The implemented solution follows these steps:

  1. Preprocess the text data by tokenizing, converting to lowercase, removing punctuation and special characters, and removing stopwords.
  2. Generate N-grams from the preprocessed text tokens.
  3. Count the occurrences of each N-gram.
  4. Calculate the probabilities of each word given its context (previous N-1 words).
  5. Build the N-gram language model using the calculated probabilities.
  6. Generate text based on a given prefix and the trained model.
  7. Calculate the perplexity of the model on the test dataset.

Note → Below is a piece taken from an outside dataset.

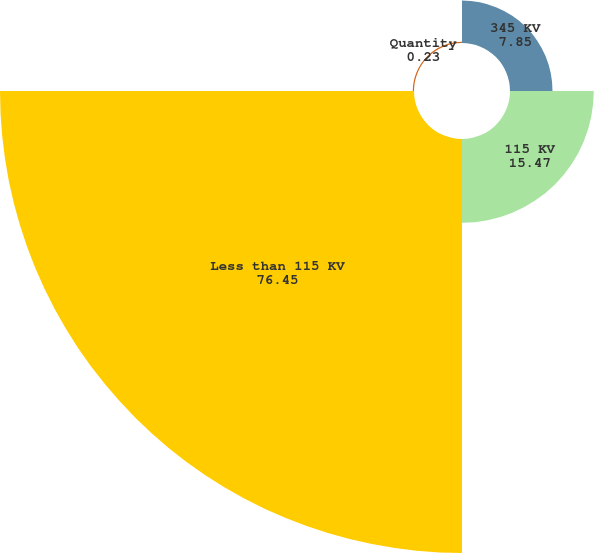<chart> <loc_0><loc_0><loc_500><loc_500><pie_chart><fcel>345 KV<fcel>115 KV<fcel>Less than 115 KV<fcel>Quantity<nl><fcel>7.85%<fcel>15.47%<fcel>76.45%<fcel>0.23%<nl></chart> 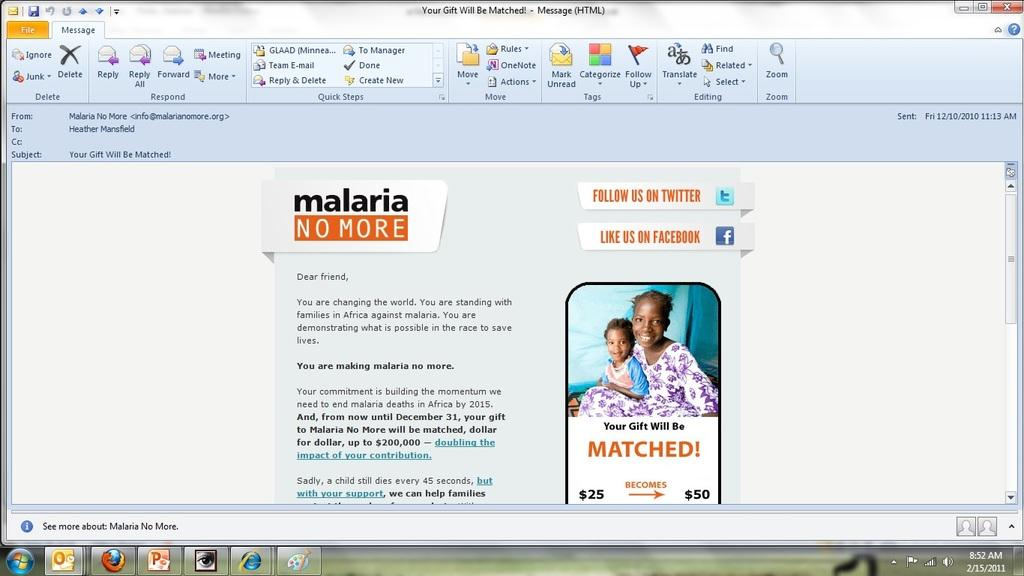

Instructions for Running the Program

python3.12 -m venv && source venv/bin/activate # or alternative, code hasn't been tested on lower versions of python
pip install datasets nltk
python main.py

Example Generated Texts

Here are some example generated texts for different values of n:

For n = 2:

Prefix: "valkyria 3 unk chronicles japanese" Generated text: "valkyria 3 unk chronicles japanese unk unk unk unk unk unk unk unk unk unk"

For n = 3:

Prefix: "valkyria 3 unk chronicles japanese" Generated text: "valkyria 3 unk chronicles japanese 戦場のヴァルキュリア3 lit valkyria battlefield 3 unk w 51 unk n"

For n = 4:

Prefix: "valkyria 3 unk chronicles japanese" Generated text: "valkyria 3 unk chronicles japanese 戦場のヴァルキュリア3 lit valkyria battlefield 3 unk taken unk sake originally"

Perplexity Results

The perplexity results on the train and test datasets for different values of n are as follows:

  • For n = 2: Perplexity (train): 74.34690101727507, Perplexity (test): 2290940.4566380545
  • For n = 3: Perplexity (train): 1.8864595101190142, Perplexity (test): 760460392.8112597
  • For n = 4: Perplexity (train): 1.081815014484215, Perplexity (test): 1665697646.7602937

Conclusions and Observations

Based on the generated texts and perplexity results, we can make the following observations:

  1. As the value of n increases, the model tends to overfit to the training data. This is evident from the significantly lower perplexity values on the training dataset compared to the rapidly increasing perplexity values on the test dataset.
  2. The n-gram model with n = 2 appears to have the best performance on the test dataset, despite generating nonsensical predictions. This suggests that the model with n = 2 is able to capture the general word distribution of the test set, even though it lacks the ability to generate coherent and meaningful text.
  3. The rapid increase in perplexity values on the test dataset for higher values of n indicates that the model becomes overly specific to the training data and struggles to generalize well to unseen contexts. This overfitting behavior can be attributed to the limited size of the dataset (WikiText-2 contains approximately 1 million tokens).

It can be argued that if the dataset size were larger, the optimal value of n for minimizing perplexity on the test set would likely be higher. With more training data, the model would have a better chance of capturing more diverse and representative N-grams, allowing it to generalize better to unseen data.

In conclusion, the experiment highlights the trade-off between model complexity and generalization ability when using N-gram language models. While higher values of n can capture more context and generate more coherent text, they also tend to overfit to the training data when the dataset is limited in size. The optimal choice of n depends on the specific dataset and the desired balance between model performance and generalization capability. In this case, the limited size of the WikiText-2 dataset favors lower values of n, with n = 2 achieving the lowest perplexity on the test set despite generating less meaningful text.